WHAT YOU WILL DO =
Start at the line below containing "#3 car at [908, 853, 1002, 927]" and stop at the line containing "#13 car at [1013, 850, 1048, 878]". Repeat every line of that stretch exactly, and nothing outside it.

[Records from a data collection]
========================
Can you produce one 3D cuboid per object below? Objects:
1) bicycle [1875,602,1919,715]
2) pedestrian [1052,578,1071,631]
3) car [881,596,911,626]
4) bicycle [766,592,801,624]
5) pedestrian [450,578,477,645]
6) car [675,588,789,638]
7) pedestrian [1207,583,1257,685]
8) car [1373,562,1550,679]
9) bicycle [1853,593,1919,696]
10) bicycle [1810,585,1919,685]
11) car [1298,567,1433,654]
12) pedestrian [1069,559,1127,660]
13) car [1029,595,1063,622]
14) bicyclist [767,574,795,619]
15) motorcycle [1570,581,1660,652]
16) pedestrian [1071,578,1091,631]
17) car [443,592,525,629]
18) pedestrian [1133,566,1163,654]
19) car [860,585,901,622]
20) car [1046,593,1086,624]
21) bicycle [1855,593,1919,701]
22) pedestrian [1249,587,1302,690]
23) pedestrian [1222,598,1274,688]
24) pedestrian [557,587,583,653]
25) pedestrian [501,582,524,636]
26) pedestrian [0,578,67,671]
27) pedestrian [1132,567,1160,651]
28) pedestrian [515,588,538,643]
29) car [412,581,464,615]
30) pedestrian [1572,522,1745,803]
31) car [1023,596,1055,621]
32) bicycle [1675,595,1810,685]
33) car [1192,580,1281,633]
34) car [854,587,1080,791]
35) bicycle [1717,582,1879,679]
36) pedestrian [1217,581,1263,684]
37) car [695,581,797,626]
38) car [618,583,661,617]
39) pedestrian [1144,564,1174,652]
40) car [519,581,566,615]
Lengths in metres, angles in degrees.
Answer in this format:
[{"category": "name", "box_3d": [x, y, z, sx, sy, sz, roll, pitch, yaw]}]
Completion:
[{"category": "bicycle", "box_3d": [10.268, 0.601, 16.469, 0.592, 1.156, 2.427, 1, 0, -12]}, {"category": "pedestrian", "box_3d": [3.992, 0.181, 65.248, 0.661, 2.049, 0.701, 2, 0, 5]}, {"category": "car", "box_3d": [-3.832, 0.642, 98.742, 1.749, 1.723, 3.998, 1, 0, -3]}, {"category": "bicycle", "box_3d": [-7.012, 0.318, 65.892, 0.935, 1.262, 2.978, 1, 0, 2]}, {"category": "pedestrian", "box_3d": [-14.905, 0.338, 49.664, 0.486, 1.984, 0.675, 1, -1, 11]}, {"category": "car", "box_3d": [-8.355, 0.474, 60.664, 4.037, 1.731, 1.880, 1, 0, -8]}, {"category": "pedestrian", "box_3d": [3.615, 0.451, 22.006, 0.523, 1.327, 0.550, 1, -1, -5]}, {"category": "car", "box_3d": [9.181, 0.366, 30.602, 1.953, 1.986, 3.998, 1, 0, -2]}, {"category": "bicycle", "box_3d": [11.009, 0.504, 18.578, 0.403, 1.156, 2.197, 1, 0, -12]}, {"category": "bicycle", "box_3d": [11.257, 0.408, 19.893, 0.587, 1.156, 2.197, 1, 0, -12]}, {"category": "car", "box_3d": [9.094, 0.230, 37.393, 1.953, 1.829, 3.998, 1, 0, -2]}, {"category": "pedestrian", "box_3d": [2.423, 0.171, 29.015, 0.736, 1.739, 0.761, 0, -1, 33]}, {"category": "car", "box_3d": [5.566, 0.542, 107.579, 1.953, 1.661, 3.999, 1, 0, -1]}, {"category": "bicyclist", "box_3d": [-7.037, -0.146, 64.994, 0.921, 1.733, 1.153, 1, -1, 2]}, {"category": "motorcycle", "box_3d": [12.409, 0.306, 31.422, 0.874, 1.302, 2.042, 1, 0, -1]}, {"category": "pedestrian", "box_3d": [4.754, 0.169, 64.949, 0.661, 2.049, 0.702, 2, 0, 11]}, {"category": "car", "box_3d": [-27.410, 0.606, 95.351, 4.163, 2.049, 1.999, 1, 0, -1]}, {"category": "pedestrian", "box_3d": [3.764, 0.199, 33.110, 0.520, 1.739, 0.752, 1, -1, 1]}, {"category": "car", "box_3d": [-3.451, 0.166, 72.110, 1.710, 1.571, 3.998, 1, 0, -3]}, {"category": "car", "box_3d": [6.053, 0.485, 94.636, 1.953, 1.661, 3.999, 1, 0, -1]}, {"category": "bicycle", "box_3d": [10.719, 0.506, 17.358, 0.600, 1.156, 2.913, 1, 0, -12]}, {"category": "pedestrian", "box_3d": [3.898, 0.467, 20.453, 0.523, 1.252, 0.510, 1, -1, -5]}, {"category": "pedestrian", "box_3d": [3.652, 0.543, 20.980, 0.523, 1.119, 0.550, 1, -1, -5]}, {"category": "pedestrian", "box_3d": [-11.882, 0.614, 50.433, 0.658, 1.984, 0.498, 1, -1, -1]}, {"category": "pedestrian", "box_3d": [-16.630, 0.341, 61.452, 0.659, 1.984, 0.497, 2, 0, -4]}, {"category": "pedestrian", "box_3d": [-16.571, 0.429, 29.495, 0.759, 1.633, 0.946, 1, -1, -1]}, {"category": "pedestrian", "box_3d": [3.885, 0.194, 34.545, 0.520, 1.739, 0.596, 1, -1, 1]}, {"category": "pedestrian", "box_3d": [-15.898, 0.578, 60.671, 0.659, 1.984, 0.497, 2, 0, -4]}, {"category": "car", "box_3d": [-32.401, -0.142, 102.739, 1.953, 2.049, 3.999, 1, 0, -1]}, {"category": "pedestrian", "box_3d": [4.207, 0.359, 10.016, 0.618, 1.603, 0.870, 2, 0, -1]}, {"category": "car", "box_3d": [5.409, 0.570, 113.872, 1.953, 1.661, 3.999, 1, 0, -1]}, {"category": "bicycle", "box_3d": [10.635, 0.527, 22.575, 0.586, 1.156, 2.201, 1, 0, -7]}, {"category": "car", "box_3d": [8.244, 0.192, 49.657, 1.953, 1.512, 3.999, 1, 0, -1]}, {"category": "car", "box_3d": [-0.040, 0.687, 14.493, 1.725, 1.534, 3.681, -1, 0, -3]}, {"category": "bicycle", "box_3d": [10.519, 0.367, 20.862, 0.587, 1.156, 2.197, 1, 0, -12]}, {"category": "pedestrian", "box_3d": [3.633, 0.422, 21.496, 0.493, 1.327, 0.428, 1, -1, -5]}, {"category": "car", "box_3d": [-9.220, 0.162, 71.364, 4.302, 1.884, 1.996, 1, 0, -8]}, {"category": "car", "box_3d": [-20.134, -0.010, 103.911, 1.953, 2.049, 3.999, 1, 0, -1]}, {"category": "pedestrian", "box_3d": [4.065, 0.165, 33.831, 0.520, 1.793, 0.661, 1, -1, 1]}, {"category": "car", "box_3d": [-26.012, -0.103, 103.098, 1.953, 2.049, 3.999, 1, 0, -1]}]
========================
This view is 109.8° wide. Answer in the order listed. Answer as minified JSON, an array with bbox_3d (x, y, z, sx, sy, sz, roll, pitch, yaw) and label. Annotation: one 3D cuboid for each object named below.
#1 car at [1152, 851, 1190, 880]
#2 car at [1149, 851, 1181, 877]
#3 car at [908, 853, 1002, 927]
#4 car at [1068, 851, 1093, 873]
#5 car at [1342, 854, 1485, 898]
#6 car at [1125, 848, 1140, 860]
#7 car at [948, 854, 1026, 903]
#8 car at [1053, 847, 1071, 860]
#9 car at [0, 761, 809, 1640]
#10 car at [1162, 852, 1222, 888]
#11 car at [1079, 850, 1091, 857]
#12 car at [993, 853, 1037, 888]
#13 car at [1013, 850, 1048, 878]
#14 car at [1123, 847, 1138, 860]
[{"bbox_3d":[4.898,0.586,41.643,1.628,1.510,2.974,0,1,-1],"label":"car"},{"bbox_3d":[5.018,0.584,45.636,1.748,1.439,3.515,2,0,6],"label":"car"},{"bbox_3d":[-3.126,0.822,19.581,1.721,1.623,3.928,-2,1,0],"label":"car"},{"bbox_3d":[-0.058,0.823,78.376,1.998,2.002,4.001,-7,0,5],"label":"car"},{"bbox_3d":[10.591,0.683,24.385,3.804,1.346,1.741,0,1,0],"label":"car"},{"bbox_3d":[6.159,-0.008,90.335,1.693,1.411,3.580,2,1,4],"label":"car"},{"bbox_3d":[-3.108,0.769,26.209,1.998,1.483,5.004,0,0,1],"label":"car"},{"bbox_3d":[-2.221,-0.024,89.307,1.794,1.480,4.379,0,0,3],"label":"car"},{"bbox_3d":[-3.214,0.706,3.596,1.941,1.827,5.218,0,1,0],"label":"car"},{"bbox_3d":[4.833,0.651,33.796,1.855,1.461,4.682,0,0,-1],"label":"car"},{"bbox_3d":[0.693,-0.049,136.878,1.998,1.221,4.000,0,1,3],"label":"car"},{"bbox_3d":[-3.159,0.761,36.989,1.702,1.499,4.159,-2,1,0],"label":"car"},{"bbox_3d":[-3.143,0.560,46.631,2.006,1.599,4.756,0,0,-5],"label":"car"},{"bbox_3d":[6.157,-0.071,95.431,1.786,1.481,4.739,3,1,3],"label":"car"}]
========================
RESULT FOR THIS TASK =
#3 car at [908, 853, 1002, 927]
#4 car at [1068, 851, 1093, 873]
#5 car at [1342, 854, 1485, 898]
#6 car at [1125, 848, 1140, 860]
#7 car at [948, 854, 1026, 903]
#8 car at [1053, 847, 1071, 860]
#9 car at [0, 761, 809, 1640]
#10 car at [1162, 852, 1222, 888]
#11 car at [1079, 850, 1091, 857]
#12 car at [993, 853, 1037, 888]
#13 car at [1013, 850, 1048, 878]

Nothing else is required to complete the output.